▸ **Input records**:
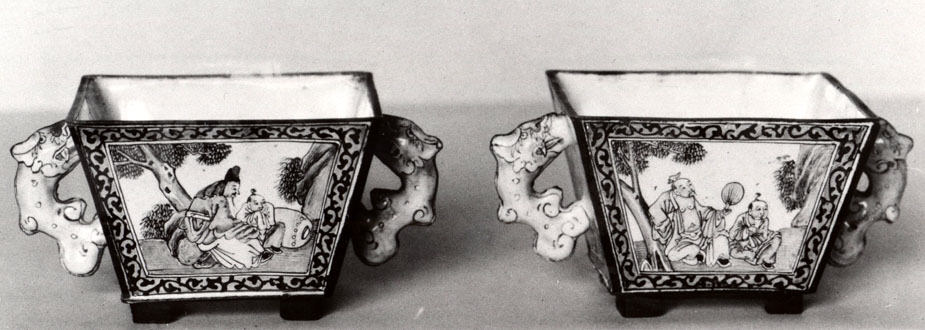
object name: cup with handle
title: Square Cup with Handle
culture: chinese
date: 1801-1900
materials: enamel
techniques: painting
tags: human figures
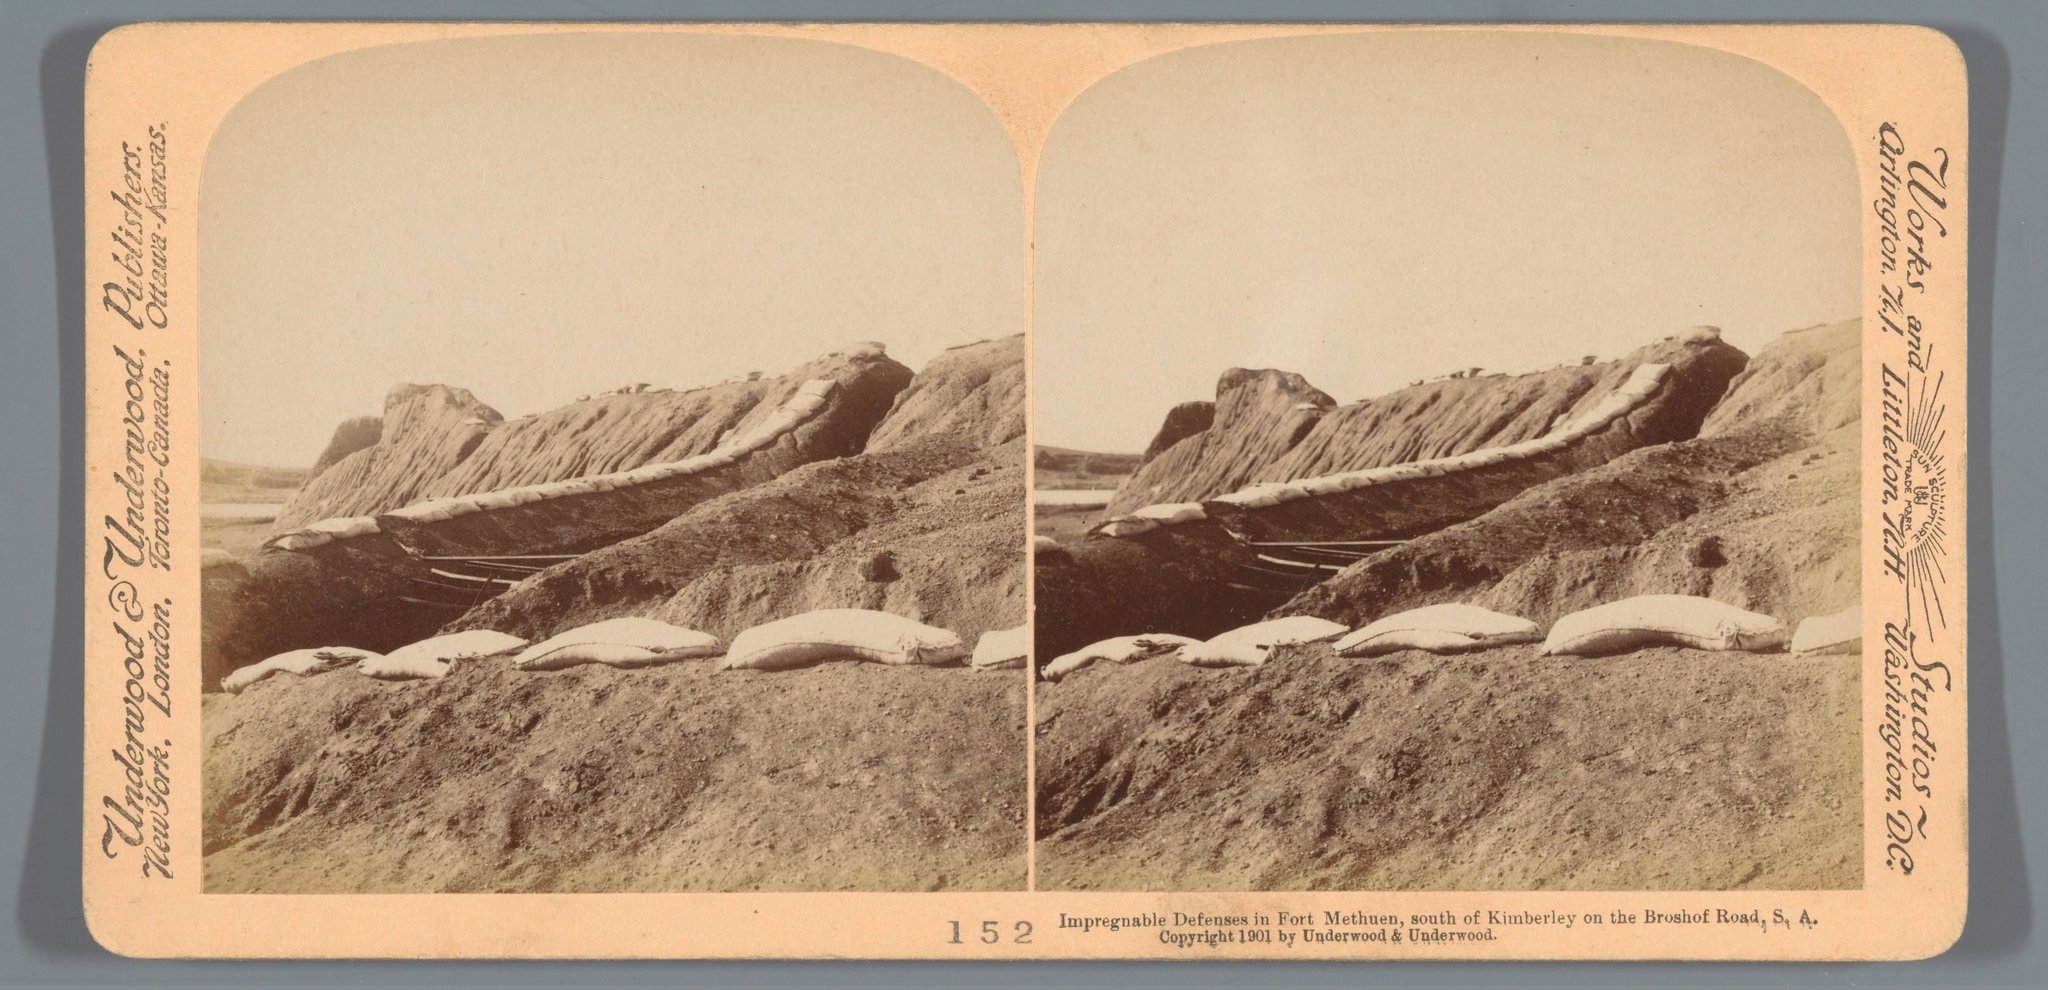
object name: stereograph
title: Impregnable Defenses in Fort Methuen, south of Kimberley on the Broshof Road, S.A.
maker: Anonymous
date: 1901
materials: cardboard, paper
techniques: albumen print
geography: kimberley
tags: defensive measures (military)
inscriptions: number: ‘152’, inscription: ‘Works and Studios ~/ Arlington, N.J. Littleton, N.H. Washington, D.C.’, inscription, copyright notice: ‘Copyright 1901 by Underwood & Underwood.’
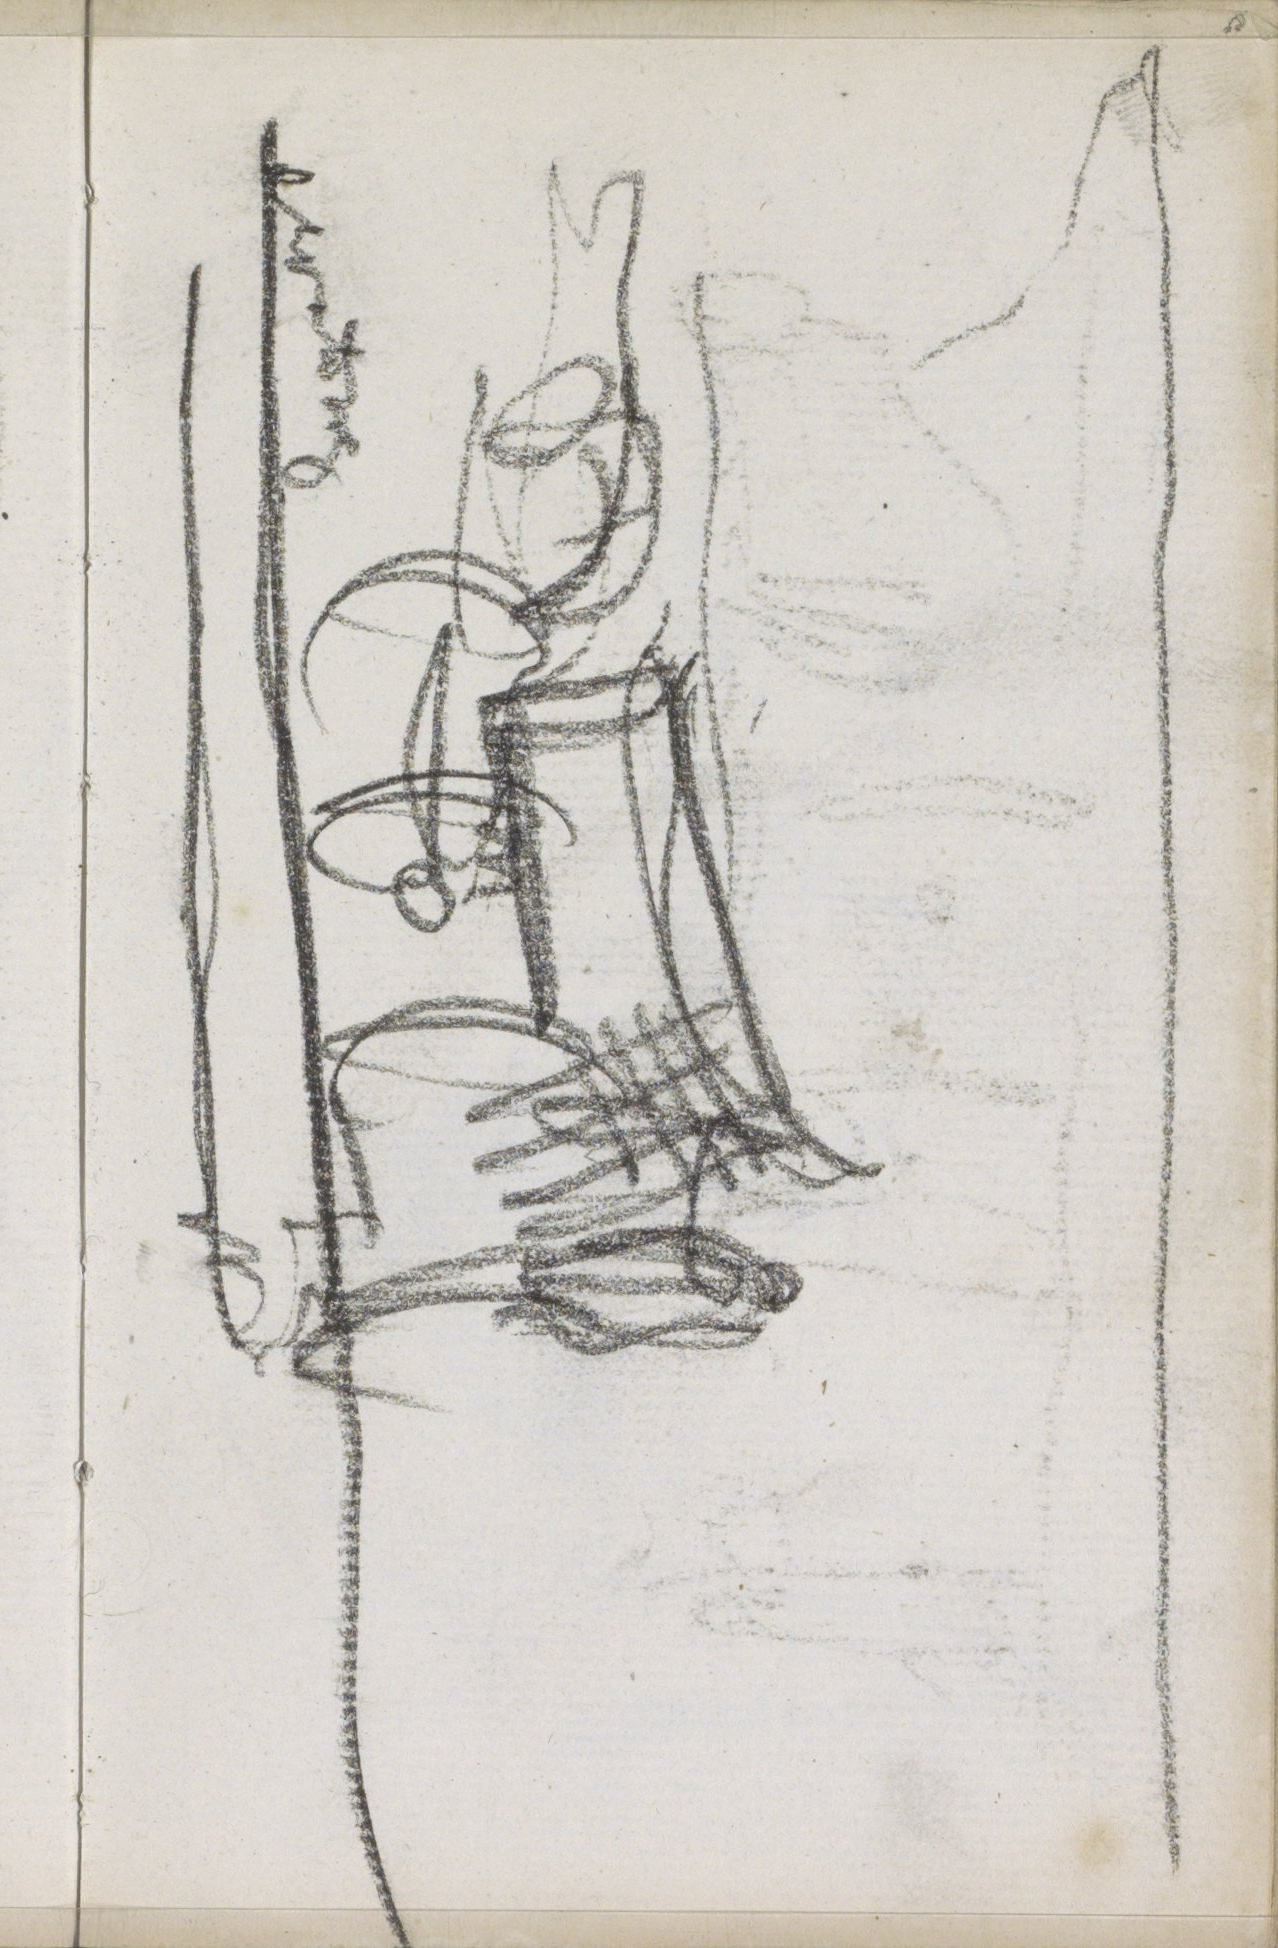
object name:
==
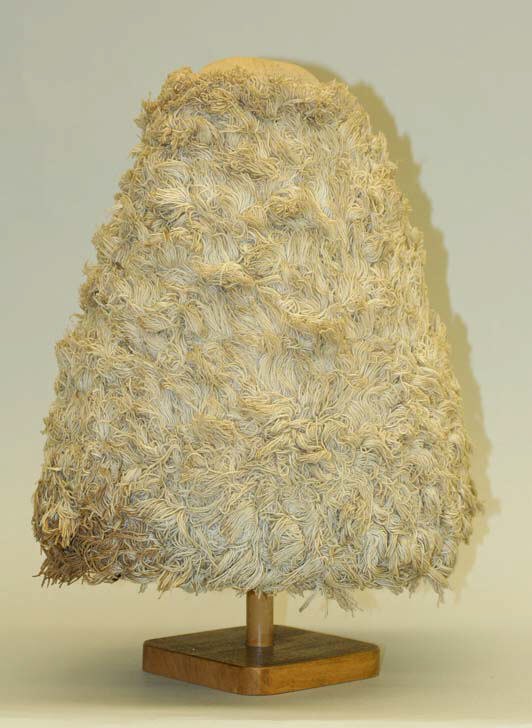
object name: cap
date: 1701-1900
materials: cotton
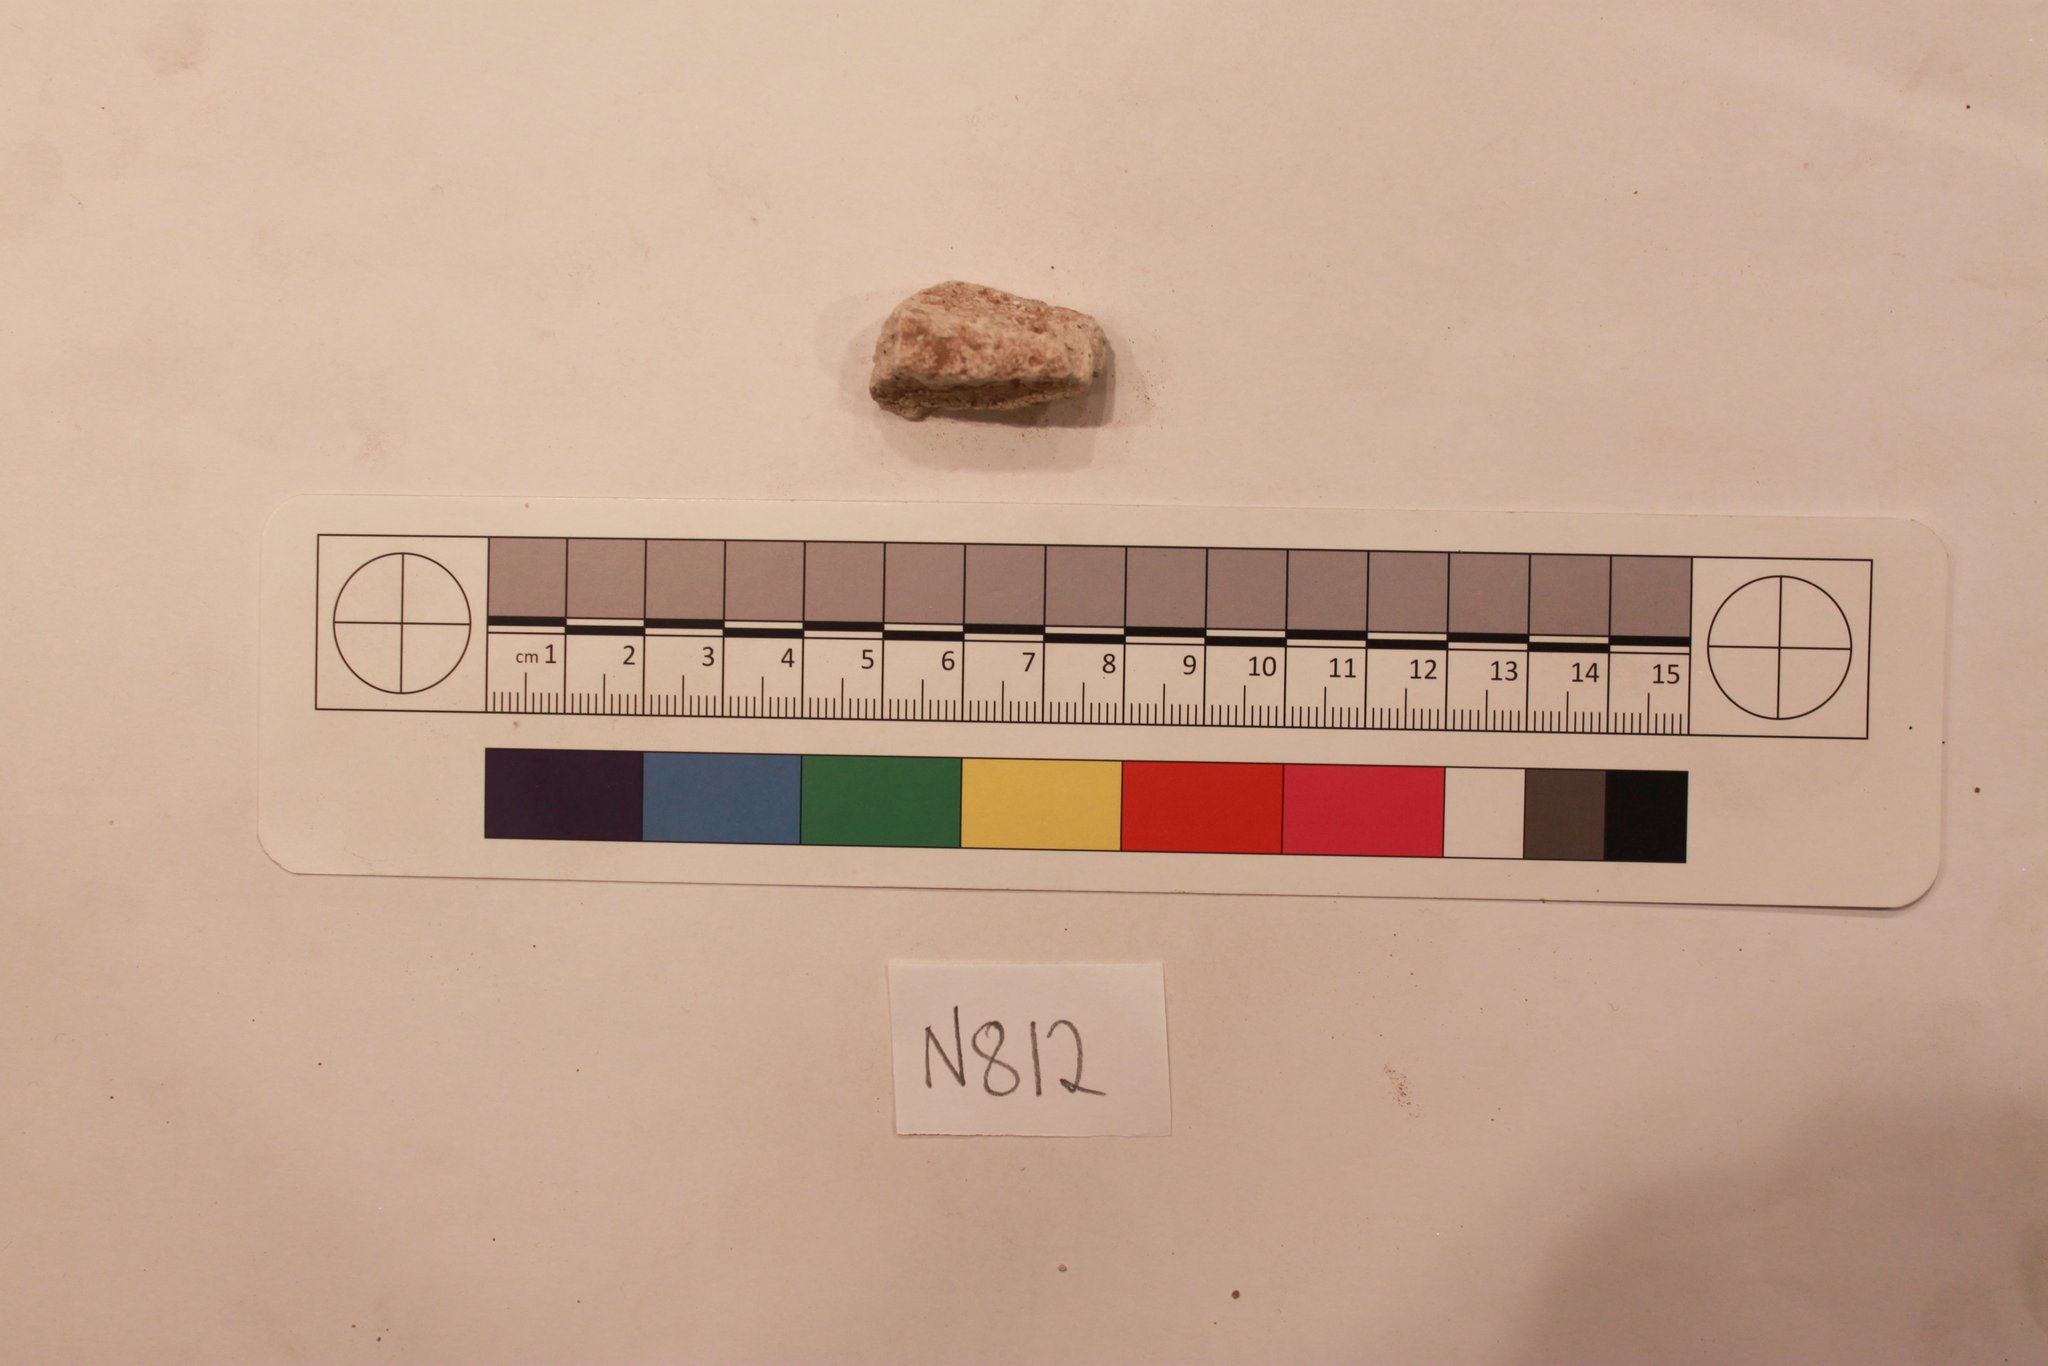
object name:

▸ **Requirement**: From the records above, return exactly the lines running from the one that contains "object name: cup with handle" down to the one that contains "tags: defensive measures (military)", both included, without any pictures.

▸ **Answer area**:
object name: cup with handle
title: Square Cup with Handle
culture: chinese
date: 1801-1900
materials: enamel
techniques: painting
tags: human figures
object name: stereograph
title: Impregnable Defenses in Fort Methuen, south of Kimberley on the Broshof Road, S.A.
maker: Anonymous
date: 1901
materials: cardboard, paper
techniques: albumen print
geography: kimberley
tags: defensive measures (military)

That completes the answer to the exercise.